For Watts, the harassment has been quite a bit worse. She has received hundreds of calls to her private phone, some pranks, some threatening. She has had pizzas randomly delivered to her home. Strange cars began parking outside her home. And her career as a police officer may well be over. The Miami New Times reported in 2012that her “superiors don’t think she’ll ever be able to return to duty on the road, and if she ever got into a situation where she needed backup she does not think she would receive it.”
Watts has now filed a lawsuit. As part of that suit she filed an open records request with the state’s Department of Motor Vehicles. As the Associated Press reports, that request found that “over a three-month period, at least 88 law enforcement officers from 25 different agencies accessed Watts’ driver’s license information more than 200 times.”
Under the 1994 Driver Privacy Protection Act, government officials who improperly access DMV databases are subject to a $2,500 fine for each offense. Police organizations are now rallying to weigh in on Watts suit . . . in favor of the officers who were harassing her. For example, Bill Johnson, executive director of the National Association of Police Agencies, told the AP, “I think it would be unfair and outside the scope of the legislation to think individuals would get whacked like that.”
Tellingly, Johnson’s organization is asking Congress to amend the Driver Privacy Protection Act so that fines attach only when driver databases are accessed with a ”specific intent to secure an economic benefit.” That would presumably exclude cops who access databases to harass cops who don’t extend courtesies, to harass cops who report or arrest other cops or to look up the personal information of attractive women. (Keep this in mind when your state legislators want to establish more databases to track, for example, what prescription drugs you’re taking.)

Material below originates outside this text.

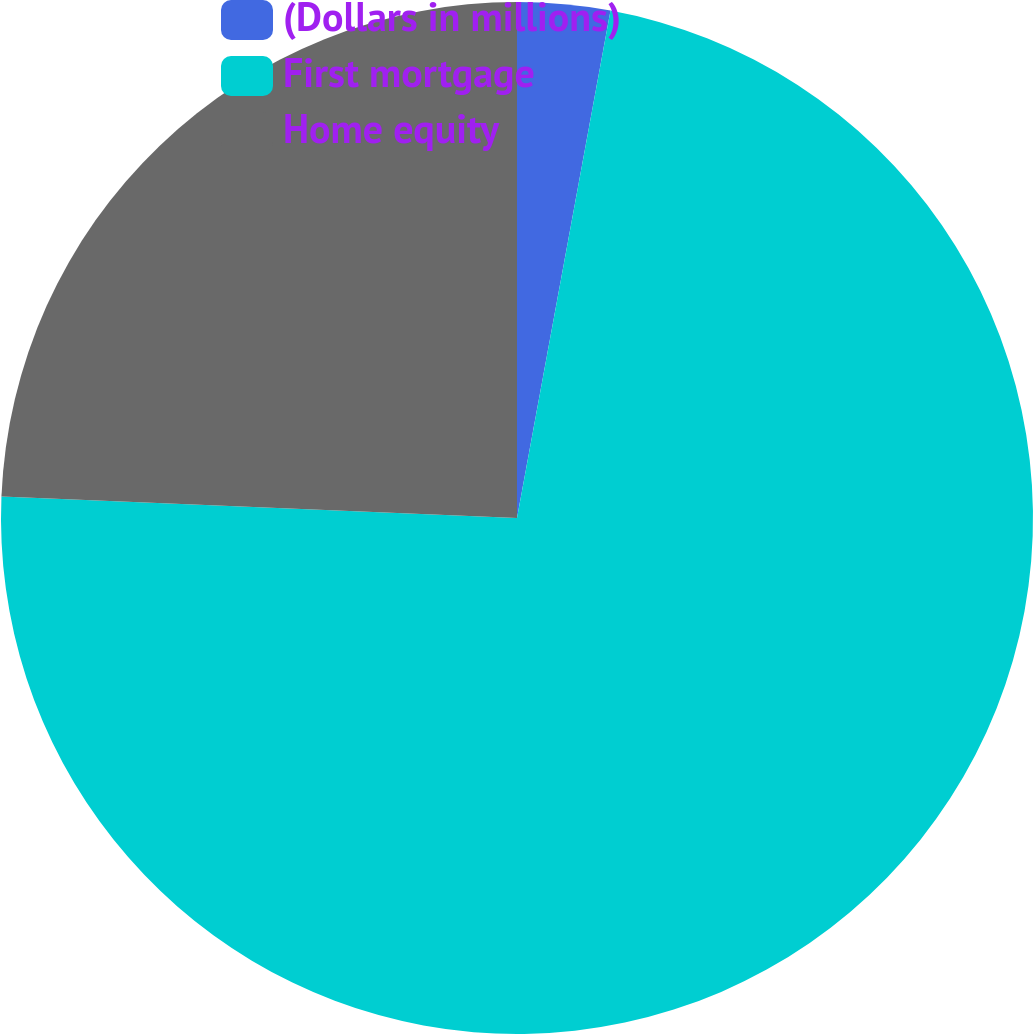Convert chart. <chart><loc_0><loc_0><loc_500><loc_500><pie_chart><fcel>(Dollars in millions)<fcel>First mortgage<fcel>Home equity<nl><fcel>2.9%<fcel>72.76%<fcel>24.34%<nl></chart>

The retaliation against Watts is a problem that extends well outside of Miami. Police officers who fail to extend professional courtesy to fellow officers can face ridicule, shaming and other retaliation. It’s an extension of the “Blue Code of Silence,” the informal admonition that cops refrain from implicating other cops. Several years ago there was even a Web site called “Cops Writing Cops” which provided a forum for police officers to publicly shame fellow cops who had the audacity to ticket them. (The site has since been taken down.) A 2007 Seattle Post-Intelligencer study revealed that off-duty cops put stickers in the windows of their private vehicles to identify themselves to their fellow officers. And then there are outfits like “LEO Pro Cards,” a business that prints up handy, wallet-sized cards that cops and their family members can flash to request professional courtesy from other officers.
In 2011, 16 NYPD officers — all of them current or former officials in the city’s police union — were indicted for fixing more than 1,600 tickets for fellow officers and their families. At their arraignment, hundreds of fellow officers showed up to support them. According to reports, the protesting officers also blocked reporters from accessing the courtroom and shouted insults at people waiting in welfare lines.
It may seem like a little thing, letting another cop off on a speeding charge. But it can reinforce the notion in some officers that they’re above the law. A 2012 Sun-Sentinel examination of three months worth of toll records found 800 instances in which cops in southern Florida were caught driving between 90 and 130 mph. Many weren’t on duty, but coming or going to their jobs. A broader 13-month investigation found 5,100 “high-speed” incidents, 96 percent of which were cops driving in excess of 90 mph. About half were cops outside their jurisdictions, meaning it’s unlikely they were responding to an emergency call. The investigation found 21 incidents in which citizens were left dead or severely disabled after being struck by speeding cops, sometimes driving 120 mph or more. The most severe punishment from any of those cases was 60 days in jail. The Sun-Sentinel also found that in 88 percent of cases in which a police officer’s speeding caused an accident, the officer wasn’t even issued a citation. Among regular citizens, 55 percent are issued citations. In one particularly egregious example . . .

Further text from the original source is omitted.